The pile shrinks further:

Kurt Eichenwald (2005), Conspiracy of Fools: A True Story (New York: Broadway: 0767911792).

It's interesting. Eichenwald writes a huge book--800 pages--and at the end of it a casual reader has no understanding of why Enron went bankrupt. Enron reported $11 billion of stockholders' equity as of the end of 2000. It made an additional $2 billion or so during the Great Raid on California in early 2001. Yet by September of 2001 it had $30 billion in debt, $10 billion of which was coming due in the next year, and no net cash flow.

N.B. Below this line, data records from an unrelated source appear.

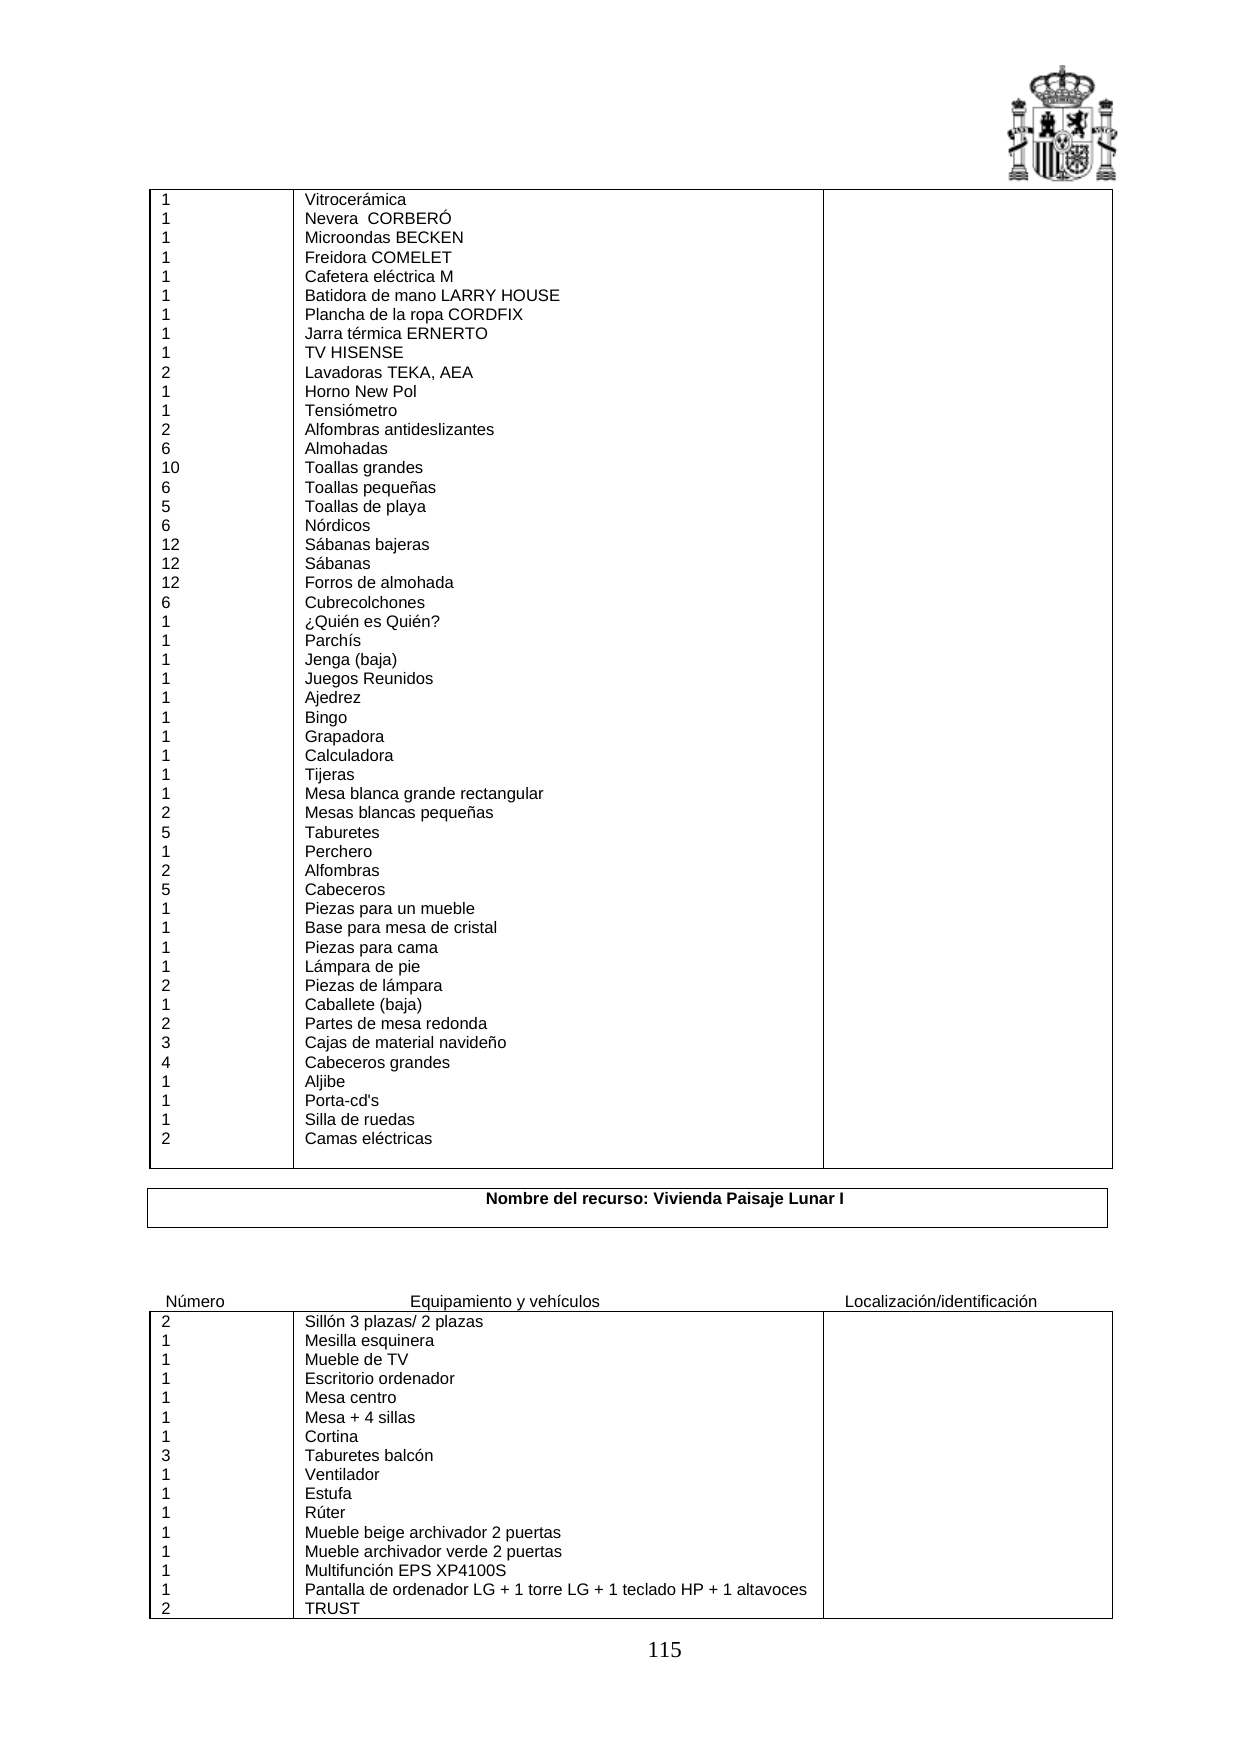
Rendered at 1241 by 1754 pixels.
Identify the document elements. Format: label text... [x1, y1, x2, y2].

table_cell 1 1 1 1 1 1 1 1 1 2 1 1 2 6 10 6 5 6 12 12 12 6 1 1 1 1 1 1 1 1 1 1 2 5 1 2 5 1 1 1 1 2 1 2 3 4 1 1 1 2 [151, 190, 293, 1167]
table_header [150, 1266, 154, 1311]
table_cell [824, 190, 1112, 1167]
table_cell Vitrocerámica Nevera CORBERÓ Microondas BECKEN Freidora COMELET Cafetera eléctrica M Batidora de mano LARRY HOUSE Plancha de la ropa CORDFIX Jarra térmica ERNERTO TV HISENSE Lavadoras TEKA, AEA Horno New Pol Tensiómetro Alfombras antideslizantes Almohadas Toallas grandes Toallas pequeñas Toallas de playa Nórdicos Sábanas bajeras Sábanas Forros de almohada Cubrecolchones ¿Quién es Quién? Parchís Jenga (baja) Juegos Reunidos Ajedrez Bingo Grapadora Calculadora Tijeras Mesa blanca grande rectangular Mesas blancas pequeñas Taburetes Perchero Alfombras Cabeceros Piezas para un mueble Base para mesa de cristal Piezas para cama Lámpara de pie Piezas de lámpara Caballete (baja) Partes de mesa redonda Cajas de material navideño Cabeceros grandes Aljibe Porta-cd's Silla de ruedas Camas eléctricas [294, 190, 823, 1167]
table_cell [824, 1312, 1112, 1618]
table_cell 2 1 1 1 1 1 1 3 1 1 1 1 1 1 1 2 [151, 1312, 293, 1618]
table_cell Sillón 3 plazas/ 2 plazas Mesilla esquinera Mueble de TV Escritorio ordenador Mesa centro Mesa + 4 sillas Cortina Taburetes balcón Ventilador Estufa Rúter Mueble beige archivador 2 puertas Mueble archivador verde 2 puertas Multifunción EPS XP4100S Pantalla de ordenador LG + 1 torre LG + 1 teclado HP + 1 altavoces TRUST [294, 1312, 823, 1618]
table_header Nombre del recurso: Vivienda Paisaje Lunar I [148, 1189, 1107, 1227]
table_header Equipamiento y vehículos [297, 1266, 708, 1311]
table_header Número [154, 1266, 297, 1311]
table_header Localización/identificación [708, 1266, 1116, 1311]

Andy Fastow and his friends didn't take that much via their Raptor and LJM vehicles: $250 million tops. Andy Fastow and company didn't lose all that much by using Raptor, LJM, and other vehicles to place bets on Enron stock on behalf of Enron--$1.25 billion, max. There's still some $11.5 billion of reported stockholders' equity that went missing.

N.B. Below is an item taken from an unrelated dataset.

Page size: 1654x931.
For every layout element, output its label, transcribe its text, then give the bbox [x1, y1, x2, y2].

Enron used what it claimed was "mark to market" accounting. Each time a contract was completed, the contract was valued as if it were a liquid security, and the value imputed in that as if process was booked as revenue. This meant that a negotiator desperate to reach a deal could (a) give away the store to the counterparty, and still (b) make assumptions in his "mark to market" valuation that made the deal look really profitable.

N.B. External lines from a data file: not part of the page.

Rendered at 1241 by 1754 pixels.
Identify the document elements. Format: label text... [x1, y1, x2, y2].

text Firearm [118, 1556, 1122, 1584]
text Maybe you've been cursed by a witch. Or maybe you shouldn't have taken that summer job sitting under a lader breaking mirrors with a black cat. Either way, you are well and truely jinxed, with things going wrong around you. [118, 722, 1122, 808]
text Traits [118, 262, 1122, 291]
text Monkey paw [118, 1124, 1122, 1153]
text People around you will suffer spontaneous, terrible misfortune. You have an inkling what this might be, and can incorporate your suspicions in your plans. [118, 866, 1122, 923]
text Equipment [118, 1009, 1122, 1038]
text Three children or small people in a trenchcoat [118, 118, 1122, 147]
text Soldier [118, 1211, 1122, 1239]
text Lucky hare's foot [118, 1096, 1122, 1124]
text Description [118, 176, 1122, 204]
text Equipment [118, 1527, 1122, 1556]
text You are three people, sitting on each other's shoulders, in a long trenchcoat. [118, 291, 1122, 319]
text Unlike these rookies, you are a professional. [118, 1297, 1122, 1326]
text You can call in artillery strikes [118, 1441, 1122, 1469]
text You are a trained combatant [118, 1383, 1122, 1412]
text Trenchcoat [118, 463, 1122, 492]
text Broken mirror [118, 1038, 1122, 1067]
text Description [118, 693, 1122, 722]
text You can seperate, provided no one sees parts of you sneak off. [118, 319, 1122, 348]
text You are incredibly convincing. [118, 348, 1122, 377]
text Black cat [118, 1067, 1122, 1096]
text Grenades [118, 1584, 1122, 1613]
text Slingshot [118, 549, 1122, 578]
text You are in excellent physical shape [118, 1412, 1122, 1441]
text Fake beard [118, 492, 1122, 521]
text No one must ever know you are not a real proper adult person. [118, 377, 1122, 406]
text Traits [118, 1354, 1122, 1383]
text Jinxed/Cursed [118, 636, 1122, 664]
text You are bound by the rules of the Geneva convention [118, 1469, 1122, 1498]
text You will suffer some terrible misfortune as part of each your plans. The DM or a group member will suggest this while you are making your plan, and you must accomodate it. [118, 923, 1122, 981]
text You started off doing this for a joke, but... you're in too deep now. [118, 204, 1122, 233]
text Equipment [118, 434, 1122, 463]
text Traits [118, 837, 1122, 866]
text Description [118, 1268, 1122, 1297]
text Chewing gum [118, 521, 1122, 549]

Now at least the first generation of Enroners were not profoundly stupid fools: they had people in charge of reviewing and monitoring the contracts made--experts in figuring out what the contract would be worth if it were a liquid security. People like Vince Kaminski, who one day, Eichenwald reports, got a call from Enron President Jeff Skilling:

"There have been some complaints, Vince, that you're not helping people do transactions," Skilling said. "Instead, you are spending all your time acting like cops." A pause. "We don't need cops, Vince."

Skilling's predecessor as President of Enron, Richard Kinder, quit Enron in 1996 when the board of directors refused to anoint him as CEO-heir-apparent. He went out and founded Kinder Morgan, buying up Enron's pipeline operations in 1997 Today Kinder Morgan is a profitable energy transportation and distribution company with a current market value of roughly $25 billion--of which $2.4 billion is Kinder's. You can bet that Richard Kinder very much believes that his company needs "cops."

Nevertheless, $11.5 billion in reported stockholders' equity gone? That's a lot of money to lose because you are allowing your traders and executives to assign optimistic valuations to their own deals.